И тут Сила все понял. Он догадался, почему его пересаживают. Учительница хочет защитить его от директора и его пощечин! Эта мелюзга, этот заморыш хочет защитить его, Силу Шкалака, самого сильного парня в классе!
Сначала он хотел засмеяться, надерзить ей. Но тут что-то — он и сам не знал, что — обожгло его сердце, стиснуло горло, перехватило дыхание.
Он посмотрел на учительницу и словно увидел ее другими глазами Она словно вдруг выросла и удивительно похорошела.

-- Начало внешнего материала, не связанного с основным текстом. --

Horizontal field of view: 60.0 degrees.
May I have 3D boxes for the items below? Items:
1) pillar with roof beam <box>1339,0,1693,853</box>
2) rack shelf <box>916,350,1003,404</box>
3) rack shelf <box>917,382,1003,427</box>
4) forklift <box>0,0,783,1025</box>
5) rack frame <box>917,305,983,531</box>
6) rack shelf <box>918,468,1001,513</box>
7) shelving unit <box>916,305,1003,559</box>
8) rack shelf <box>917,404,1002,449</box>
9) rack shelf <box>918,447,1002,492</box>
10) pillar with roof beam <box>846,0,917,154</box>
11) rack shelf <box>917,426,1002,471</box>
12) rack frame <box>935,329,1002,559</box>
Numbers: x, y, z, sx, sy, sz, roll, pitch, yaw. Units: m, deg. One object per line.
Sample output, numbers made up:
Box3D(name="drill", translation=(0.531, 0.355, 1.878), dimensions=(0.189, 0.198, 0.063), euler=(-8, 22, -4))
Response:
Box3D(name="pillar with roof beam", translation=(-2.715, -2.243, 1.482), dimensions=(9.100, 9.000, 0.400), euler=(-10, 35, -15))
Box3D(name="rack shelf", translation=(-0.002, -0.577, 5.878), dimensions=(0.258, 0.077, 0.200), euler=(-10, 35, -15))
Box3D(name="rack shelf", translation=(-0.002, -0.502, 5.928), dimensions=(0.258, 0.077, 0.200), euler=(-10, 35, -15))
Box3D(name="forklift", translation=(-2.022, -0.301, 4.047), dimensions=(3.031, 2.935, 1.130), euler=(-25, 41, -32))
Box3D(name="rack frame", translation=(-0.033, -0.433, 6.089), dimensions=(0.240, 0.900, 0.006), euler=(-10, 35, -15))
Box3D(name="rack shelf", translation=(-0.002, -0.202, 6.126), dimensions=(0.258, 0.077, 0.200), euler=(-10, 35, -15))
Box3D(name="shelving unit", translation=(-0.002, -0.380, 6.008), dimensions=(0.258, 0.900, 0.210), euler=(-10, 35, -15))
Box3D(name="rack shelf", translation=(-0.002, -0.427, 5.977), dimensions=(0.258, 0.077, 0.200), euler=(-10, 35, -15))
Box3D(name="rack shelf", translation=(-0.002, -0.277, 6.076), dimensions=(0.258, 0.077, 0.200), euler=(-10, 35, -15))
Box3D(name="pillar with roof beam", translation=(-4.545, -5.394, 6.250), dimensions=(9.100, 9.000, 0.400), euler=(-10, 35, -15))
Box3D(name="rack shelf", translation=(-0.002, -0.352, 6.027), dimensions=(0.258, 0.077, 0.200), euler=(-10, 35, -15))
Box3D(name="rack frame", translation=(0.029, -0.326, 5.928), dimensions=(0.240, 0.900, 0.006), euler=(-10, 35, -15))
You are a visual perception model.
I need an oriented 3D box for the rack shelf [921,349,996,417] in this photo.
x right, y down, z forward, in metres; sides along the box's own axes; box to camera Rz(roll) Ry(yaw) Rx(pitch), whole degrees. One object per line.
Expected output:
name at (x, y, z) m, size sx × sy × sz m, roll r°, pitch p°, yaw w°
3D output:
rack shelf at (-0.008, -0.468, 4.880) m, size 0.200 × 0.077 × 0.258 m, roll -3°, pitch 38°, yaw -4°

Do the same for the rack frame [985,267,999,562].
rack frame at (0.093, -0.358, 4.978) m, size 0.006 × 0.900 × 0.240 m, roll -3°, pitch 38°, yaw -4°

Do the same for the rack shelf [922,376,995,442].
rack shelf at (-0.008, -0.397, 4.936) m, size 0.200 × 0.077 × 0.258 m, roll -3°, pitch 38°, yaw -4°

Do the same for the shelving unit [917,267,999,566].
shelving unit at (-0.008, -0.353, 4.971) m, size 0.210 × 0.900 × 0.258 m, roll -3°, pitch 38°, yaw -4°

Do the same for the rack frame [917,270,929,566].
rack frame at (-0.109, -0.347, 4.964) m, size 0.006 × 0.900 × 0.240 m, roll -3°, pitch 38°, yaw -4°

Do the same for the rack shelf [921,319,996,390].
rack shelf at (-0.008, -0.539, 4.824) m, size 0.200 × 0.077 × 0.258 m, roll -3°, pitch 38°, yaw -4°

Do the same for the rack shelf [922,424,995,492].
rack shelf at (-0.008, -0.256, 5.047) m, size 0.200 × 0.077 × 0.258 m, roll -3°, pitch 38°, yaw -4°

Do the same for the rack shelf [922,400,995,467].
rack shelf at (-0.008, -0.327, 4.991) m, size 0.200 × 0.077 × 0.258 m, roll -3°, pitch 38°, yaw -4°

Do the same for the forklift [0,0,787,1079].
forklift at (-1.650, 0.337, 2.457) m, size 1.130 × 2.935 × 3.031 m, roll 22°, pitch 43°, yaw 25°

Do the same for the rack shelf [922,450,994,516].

«Ведь она же добрая, — подумал он. — Милая и добрая, такая добрая!»
Он встал, побрел к парте, трясущимися руками собрал в стопку книги и тетрадки и пересел.
Когда Сила немного пришел в себя, он услышал, как ревет и буйствует класс. Парни дерутся пеналами, девчонки верещат и отнимают друг у друга карандаши. Почему они так? Зачем?
Что она нам сделала плохого, эта учительница? И мне, и всем остальным.
Звонок. С гамом и топотом класс вывалился во двор. Вышел и Сила, какой-то растерянный, в голове у него все перепуталось. Его позвали играть в футбол, но он отмахнулся, забился в угол и задумался.
Она добрая. Мы решили, что она глупая и смешная, но это неправда. Директор говорит, что у нее неудовлетворительные методы — может быть, но зато она добрая. А то, что мы с ней вытворяем, это настоящее свинство!
Его охватила злость.
— Ну погодите! — пробурчал он. С орехового куста в углу двора он срезал упругий прут и положил его в классе на стол.
Таня взглянула на прут и удивилась:
— Что это?
Класс взвыл от восторга. Учительница — и не знает, что такое розга?
Сила нахмурился.
— Это вам.
— Мне? А зачем?
— Чтобы было чем бить, когда мы валяем дурака, — процедил Сила сквозь зубы.
И снова случилось что-то неслыханное.
— Бить? — воскликнула учительница. — Вас? Я, такая маленькая, — вас, таких больших?
Она сказала это как бы в шутку, но Сила уловил в ее голосе печальную, беспомощную нотку, и в нем вдруг проснулось желание защитить ее. Такую маленькую от таких больших.